Let's now see what this pseudo header is all about. Pseudo header has several fields from IP header. In other words TCP and UDP(sitting in Transport layer) checksum calculation requires several data fields and bits from the Network Layer. How is that even possible. Because Network layer is beneath the transport layer. We will discuss this in few minutes.
Psuedo header consists of the following things from the IP header.
- Source Address(IP)
- Destination Address(IP)
- Protocol Header(Like weather its TCP, or UDP or ICMP etc)
- length(TCP/UDP)
- Reserved 8 Bit
The whole content of pseudo header is about 12 bytes(32 bit source address + 32 bit destination address + 8 bit reserved + 16 bit tcp length + 8 bit protocol type = 96 bits = 12 bytes). You can clearly see that most of it comes from the IP header(from the network layer), although we are discussing about checksum calculation in transport layer.
This is how it works. At the sender side, when the data arrives at the transport layer, the system now needs to calculate the checksum. It temporarily costructs the pseudo header. Keep the word temporary in mind. After constructing this pseudo header, it keeps it in buffer. Then it starts calculating the checksum by dividing the whole thing into 16 bit chunks(pseudo header, tcp data, tcp header) and then adds it. Finally it calculates the ones complement as we did earlier.
Once the checksum is calculated, the result of the checksum will then go to the right place. That is the checksum field of the TCP header. Once the checksum is placed inside the real TCP header, the pseudo header temporarily created to calculate the checksum is then discarded.

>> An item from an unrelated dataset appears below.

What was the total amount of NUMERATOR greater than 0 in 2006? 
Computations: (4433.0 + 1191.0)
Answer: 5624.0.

But what will be the value of Checksum field in TCP header, when the checksum itself is being calculated?. We learned that checksum calculation itself uses TCP headers, data, and pseudo header. So during this calculation what will be placed in the checksum field of tcp header?

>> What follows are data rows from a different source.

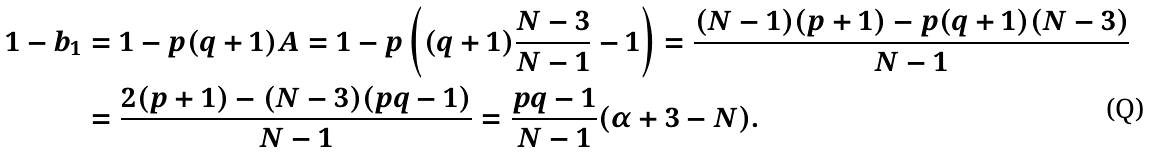<formula> <loc_0><loc_0><loc_500><loc_500>1 - b _ { 1 } & = 1 - p ( q + 1 ) A = 1 - p \left ( ( q + 1 ) \frac { N - 3 } { N - 1 } - 1 \right ) = \frac { ( N - 1 ) ( p + 1 ) - p ( q + 1 ) ( N - 3 ) } { N - 1 } \\ & = \frac { 2 ( p + 1 ) - ( N - 3 ) ( p q - 1 ) } { N - 1 } = \frac { p q - 1 } { N - 1 } ( \alpha + 3 - N ) .</formula> 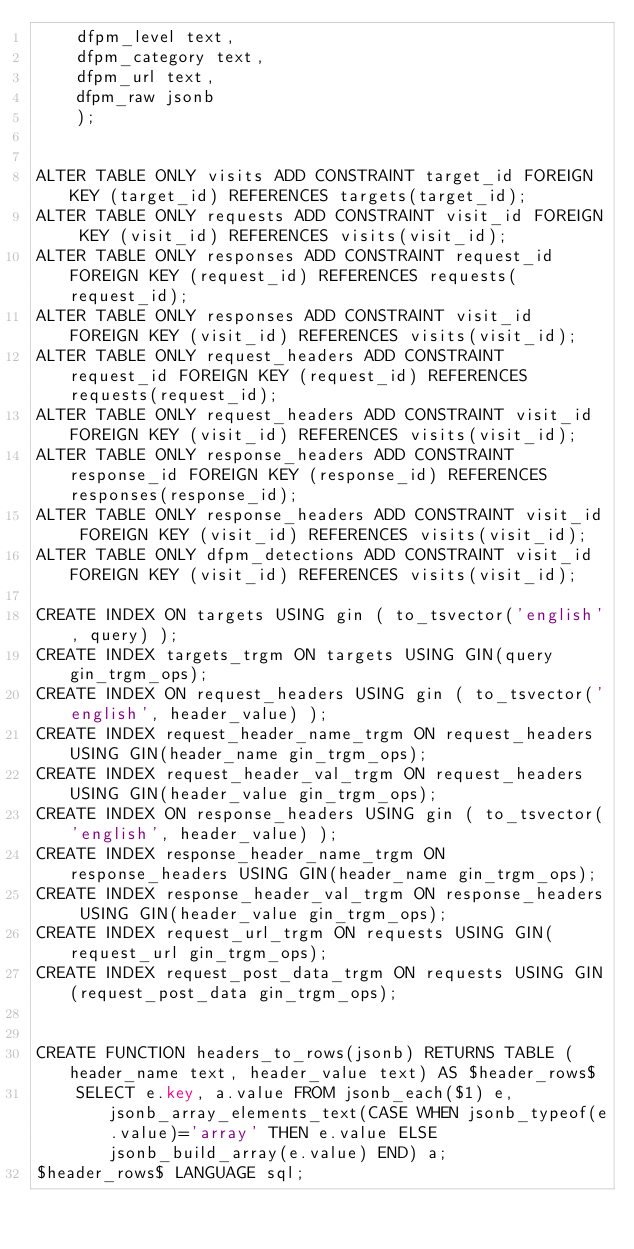Convert code to text. <code><loc_0><loc_0><loc_500><loc_500><_SQL_>    dfpm_level text,
    dfpm_category text,
    dfpm_url text,
    dfpm_raw jsonb
    );


ALTER TABLE ONLY visits ADD CONSTRAINT target_id FOREIGN KEY (target_id) REFERENCES targets(target_id);
ALTER TABLE ONLY requests ADD CONSTRAINT visit_id FOREIGN KEY (visit_id) REFERENCES visits(visit_id);
ALTER TABLE ONLY responses ADD CONSTRAINT request_id FOREIGN KEY (request_id) REFERENCES requests(request_id);
ALTER TABLE ONLY responses ADD CONSTRAINT visit_id FOREIGN KEY (visit_id) REFERENCES visits(visit_id);
ALTER TABLE ONLY request_headers ADD CONSTRAINT request_id FOREIGN KEY (request_id) REFERENCES requests(request_id);
ALTER TABLE ONLY request_headers ADD CONSTRAINT visit_id FOREIGN KEY (visit_id) REFERENCES visits(visit_id);
ALTER TABLE ONLY response_headers ADD CONSTRAINT response_id FOREIGN KEY (response_id) REFERENCES responses(response_id);
ALTER TABLE ONLY response_headers ADD CONSTRAINT visit_id FOREIGN KEY (visit_id) REFERENCES visits(visit_id);
ALTER TABLE ONLY dfpm_detections ADD CONSTRAINT visit_id FOREIGN KEY (visit_id) REFERENCES visits(visit_id);

CREATE INDEX ON targets USING gin ( to_tsvector('english', query) );
CREATE INDEX targets_trgm ON targets USING GIN(query gin_trgm_ops);
CREATE INDEX ON request_headers USING gin ( to_tsvector('english', header_value) );
CREATE INDEX request_header_name_trgm ON request_headers USING GIN(header_name gin_trgm_ops);
CREATE INDEX request_header_val_trgm ON request_headers USING GIN(header_value gin_trgm_ops);
CREATE INDEX ON response_headers USING gin ( to_tsvector('english', header_value) );
CREATE INDEX response_header_name_trgm ON response_headers USING GIN(header_name gin_trgm_ops);
CREATE INDEX response_header_val_trgm ON response_headers USING GIN(header_value gin_trgm_ops);
CREATE INDEX request_url_trgm ON requests USING GIN(request_url gin_trgm_ops);
CREATE INDEX request_post_data_trgm ON requests USING GIN(request_post_data gin_trgm_ops);


CREATE FUNCTION headers_to_rows(jsonb) RETURNS TABLE (header_name text, header_value text) AS $header_rows$
    SELECT e.key, a.value FROM jsonb_each($1) e, jsonb_array_elements_text(CASE WHEN jsonb_typeof(e.value)='array' THEN e.value ELSE jsonb_build_array(e.value) END) a;
$header_rows$ LANGUAGE sql;
</code>

During the calculation of checksum, the field is generally kept with 0's. After the calculation, right value will replace all 0's.

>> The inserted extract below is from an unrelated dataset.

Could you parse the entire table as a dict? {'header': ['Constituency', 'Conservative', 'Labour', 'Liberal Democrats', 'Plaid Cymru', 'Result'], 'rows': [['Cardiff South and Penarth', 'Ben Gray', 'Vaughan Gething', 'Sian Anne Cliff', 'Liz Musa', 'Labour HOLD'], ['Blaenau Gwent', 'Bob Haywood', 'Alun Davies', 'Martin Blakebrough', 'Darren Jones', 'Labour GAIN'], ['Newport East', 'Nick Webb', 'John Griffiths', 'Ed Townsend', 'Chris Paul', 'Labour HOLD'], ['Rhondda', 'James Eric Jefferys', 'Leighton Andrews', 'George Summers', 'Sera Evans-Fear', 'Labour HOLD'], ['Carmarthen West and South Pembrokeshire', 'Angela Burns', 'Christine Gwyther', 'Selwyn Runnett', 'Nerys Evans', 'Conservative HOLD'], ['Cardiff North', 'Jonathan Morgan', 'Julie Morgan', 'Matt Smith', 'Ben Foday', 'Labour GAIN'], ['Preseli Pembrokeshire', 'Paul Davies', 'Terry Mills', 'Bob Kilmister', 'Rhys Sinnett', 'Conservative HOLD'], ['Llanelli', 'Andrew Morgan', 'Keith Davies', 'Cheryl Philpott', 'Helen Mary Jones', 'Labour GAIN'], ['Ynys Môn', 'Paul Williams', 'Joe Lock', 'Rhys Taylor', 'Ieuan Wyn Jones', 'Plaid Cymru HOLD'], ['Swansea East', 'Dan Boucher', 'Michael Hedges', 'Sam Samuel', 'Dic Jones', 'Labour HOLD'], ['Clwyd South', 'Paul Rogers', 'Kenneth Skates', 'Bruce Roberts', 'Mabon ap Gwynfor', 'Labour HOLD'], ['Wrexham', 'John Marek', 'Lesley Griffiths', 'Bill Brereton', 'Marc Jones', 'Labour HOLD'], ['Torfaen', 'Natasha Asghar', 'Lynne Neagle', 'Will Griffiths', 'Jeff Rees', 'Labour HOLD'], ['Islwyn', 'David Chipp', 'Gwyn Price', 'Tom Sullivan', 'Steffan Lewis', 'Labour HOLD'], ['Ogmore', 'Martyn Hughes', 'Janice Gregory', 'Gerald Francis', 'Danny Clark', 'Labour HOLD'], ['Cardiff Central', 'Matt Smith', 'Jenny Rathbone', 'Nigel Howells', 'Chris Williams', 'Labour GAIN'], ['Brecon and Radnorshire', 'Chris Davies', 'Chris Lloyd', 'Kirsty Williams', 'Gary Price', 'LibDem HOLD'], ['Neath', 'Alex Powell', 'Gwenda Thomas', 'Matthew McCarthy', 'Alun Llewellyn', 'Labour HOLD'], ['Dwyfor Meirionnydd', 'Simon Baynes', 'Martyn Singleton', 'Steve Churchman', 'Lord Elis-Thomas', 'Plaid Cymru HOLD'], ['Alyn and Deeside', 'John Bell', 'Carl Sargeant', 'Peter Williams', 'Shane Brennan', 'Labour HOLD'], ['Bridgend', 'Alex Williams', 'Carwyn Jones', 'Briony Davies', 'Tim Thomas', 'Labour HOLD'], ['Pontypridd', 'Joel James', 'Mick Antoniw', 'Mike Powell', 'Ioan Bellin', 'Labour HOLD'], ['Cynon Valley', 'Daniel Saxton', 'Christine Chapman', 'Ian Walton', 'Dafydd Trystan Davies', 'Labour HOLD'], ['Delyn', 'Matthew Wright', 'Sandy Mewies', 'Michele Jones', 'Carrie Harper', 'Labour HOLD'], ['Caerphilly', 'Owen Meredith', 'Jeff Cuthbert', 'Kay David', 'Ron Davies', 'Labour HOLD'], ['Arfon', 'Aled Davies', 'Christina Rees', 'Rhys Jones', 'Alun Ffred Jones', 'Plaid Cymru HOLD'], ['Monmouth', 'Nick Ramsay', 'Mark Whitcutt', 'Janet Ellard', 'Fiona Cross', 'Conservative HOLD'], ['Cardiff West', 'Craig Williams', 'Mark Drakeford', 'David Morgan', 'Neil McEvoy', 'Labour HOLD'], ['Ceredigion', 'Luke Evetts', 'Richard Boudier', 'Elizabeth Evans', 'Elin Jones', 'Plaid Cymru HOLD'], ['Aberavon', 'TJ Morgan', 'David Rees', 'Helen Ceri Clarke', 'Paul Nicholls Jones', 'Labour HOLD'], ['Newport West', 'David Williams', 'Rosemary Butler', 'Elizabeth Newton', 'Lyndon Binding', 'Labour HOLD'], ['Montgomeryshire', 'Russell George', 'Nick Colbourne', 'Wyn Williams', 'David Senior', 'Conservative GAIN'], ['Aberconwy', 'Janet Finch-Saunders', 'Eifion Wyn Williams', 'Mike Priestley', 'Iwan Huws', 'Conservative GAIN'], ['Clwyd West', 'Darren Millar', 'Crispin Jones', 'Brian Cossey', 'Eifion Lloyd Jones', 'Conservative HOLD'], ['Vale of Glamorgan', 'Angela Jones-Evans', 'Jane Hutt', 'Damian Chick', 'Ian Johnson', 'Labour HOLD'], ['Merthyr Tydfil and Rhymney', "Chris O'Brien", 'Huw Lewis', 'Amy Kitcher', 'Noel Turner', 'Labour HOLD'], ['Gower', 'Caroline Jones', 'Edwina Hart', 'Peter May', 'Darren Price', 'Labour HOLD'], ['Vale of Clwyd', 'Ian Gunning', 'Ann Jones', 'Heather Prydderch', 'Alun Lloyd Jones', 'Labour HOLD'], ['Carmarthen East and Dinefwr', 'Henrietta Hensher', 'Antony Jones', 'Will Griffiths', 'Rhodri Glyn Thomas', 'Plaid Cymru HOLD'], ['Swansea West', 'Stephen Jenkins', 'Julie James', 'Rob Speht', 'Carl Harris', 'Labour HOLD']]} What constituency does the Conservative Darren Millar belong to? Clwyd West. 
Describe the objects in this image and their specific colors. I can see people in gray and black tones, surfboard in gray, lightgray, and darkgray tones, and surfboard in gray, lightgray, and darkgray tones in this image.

Also keep the fact in mind that the pseudo header never leaves the system. Its discarded, and is never part of the TCP header, or IP header or anything that goes through the wire.
So what happens on the destination side?
Well the exact same thing happens on the destination side as well. A temporary pseudo header is constructed and given to transport layer along with actual TCP header & data. This is prepended temporarily to tcp/udp segment, to calculate checksum.
If the output of addition of temporary pseudo header, tcp data, tcp header turns out to be all 1s, the reciever end can confirm that the data is not corrupted.
Why do you need a Pseudo Header?
That's a legitimate question. Because IP (network layer) header also has its own checksum field. So what's the point of taking few fields from there while calculating TCP/UDP checksum?
If the source address or destination address does not match, the checksum will fail. Note the point that even if the network packet somehow reaches transport layer, there still is a secondary verification of source and destination with checksum. The main purpose is to confirm with 100 percent surety that the TCP/UDP data reached the correct destination.
The main thing to understand about pseudo header is that, it never leaves the system. But still it does its job by adding another layer of verification. If you capture network traffic on your system for few minutes, then you can see TCP/UDP checksum value in tools like wireshark.
sudo tcpdump -vvv -s 0 -l -n port 80 -w tcp-out.pcap
The above command will capture packets towards port number 80 and then write the output to a file called tcp-out.pcap. This file can then be imported to tools like wireshark to analyse it further. You should be able to see checksum under TCP/UDP section inside wireshark.
Its also not possible to equally divide data into 16 bit chunks(for example, the last chunk might not have 16 bit). To solve that, binary value is prepended with zeros to make it 16 bit during the calculation of checksum.